- [What this task involves]:
Below are some entries. Count the lines where "each" appears and state only that number.

(Dataset records)
________________

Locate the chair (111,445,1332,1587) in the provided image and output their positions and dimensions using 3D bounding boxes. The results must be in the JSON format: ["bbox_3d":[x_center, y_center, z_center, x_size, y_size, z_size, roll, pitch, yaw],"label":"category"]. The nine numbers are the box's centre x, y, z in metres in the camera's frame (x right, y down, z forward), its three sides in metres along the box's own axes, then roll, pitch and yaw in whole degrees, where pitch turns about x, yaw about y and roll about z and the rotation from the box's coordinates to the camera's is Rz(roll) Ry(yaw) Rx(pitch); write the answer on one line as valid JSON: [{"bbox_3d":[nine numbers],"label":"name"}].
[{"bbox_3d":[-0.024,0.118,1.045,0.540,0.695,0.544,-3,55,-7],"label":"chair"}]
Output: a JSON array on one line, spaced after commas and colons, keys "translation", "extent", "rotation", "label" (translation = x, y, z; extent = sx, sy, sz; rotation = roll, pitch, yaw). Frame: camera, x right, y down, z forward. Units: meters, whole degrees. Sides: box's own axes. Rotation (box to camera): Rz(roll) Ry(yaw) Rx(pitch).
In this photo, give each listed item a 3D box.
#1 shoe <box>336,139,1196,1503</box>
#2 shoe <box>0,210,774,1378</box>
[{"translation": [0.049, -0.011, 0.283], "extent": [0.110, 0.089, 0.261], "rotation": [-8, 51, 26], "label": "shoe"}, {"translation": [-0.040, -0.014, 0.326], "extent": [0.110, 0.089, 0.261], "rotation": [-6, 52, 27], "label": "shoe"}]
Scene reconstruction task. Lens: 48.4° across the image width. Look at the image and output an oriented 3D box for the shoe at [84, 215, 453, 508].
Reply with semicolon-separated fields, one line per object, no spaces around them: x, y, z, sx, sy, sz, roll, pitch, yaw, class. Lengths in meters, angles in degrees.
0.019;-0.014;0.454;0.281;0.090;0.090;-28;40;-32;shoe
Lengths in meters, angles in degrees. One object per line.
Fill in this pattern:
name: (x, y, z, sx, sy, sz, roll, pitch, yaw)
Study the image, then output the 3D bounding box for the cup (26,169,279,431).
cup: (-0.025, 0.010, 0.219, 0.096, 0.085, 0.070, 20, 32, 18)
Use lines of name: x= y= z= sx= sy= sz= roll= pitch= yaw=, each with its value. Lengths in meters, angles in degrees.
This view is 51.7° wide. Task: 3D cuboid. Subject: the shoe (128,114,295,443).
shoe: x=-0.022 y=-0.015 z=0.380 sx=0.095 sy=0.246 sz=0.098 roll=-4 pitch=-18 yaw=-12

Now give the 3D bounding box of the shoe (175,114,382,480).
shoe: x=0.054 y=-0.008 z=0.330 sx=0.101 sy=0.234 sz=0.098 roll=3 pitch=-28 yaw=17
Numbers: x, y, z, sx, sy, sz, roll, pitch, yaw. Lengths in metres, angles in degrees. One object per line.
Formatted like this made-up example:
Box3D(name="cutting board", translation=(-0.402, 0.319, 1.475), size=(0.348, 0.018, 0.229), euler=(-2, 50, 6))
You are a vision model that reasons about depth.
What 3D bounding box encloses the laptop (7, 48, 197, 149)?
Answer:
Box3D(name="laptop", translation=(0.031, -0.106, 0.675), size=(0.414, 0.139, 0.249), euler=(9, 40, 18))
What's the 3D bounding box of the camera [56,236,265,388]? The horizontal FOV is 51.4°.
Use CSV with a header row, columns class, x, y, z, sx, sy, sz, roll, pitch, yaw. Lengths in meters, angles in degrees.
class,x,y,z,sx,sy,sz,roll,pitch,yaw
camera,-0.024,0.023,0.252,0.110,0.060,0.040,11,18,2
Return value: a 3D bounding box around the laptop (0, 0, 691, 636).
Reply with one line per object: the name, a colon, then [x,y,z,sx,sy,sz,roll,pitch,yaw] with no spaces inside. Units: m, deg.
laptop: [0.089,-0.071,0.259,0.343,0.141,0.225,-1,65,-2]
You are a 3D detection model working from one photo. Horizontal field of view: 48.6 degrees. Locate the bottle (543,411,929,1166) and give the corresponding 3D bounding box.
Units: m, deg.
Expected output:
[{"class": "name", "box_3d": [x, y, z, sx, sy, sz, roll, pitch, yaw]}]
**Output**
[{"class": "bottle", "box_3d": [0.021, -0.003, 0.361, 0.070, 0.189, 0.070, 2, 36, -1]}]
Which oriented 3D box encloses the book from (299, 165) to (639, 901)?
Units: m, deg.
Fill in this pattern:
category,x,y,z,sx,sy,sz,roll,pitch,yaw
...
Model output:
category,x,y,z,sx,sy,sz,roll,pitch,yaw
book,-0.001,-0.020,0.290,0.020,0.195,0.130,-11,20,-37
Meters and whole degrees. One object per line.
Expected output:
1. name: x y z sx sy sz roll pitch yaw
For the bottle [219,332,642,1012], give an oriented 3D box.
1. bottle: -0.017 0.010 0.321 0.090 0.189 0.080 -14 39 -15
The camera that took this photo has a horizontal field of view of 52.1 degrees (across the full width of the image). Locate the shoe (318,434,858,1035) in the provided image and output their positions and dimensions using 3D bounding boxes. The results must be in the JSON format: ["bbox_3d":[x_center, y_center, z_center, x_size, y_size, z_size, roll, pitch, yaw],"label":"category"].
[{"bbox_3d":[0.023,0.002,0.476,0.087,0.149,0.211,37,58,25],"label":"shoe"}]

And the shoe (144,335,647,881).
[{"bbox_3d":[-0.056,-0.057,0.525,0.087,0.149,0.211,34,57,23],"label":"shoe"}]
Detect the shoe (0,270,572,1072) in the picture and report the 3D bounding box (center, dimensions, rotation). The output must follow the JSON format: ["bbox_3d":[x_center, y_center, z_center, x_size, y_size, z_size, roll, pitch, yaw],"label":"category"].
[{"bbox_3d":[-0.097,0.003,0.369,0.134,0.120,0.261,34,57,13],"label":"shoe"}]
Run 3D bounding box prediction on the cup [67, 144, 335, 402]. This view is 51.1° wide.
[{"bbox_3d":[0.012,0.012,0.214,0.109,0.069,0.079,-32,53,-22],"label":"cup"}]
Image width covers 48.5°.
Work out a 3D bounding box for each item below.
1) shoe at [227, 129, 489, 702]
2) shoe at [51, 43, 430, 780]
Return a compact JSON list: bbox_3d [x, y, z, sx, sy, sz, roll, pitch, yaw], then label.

________________

- [Solution for this problem]:
3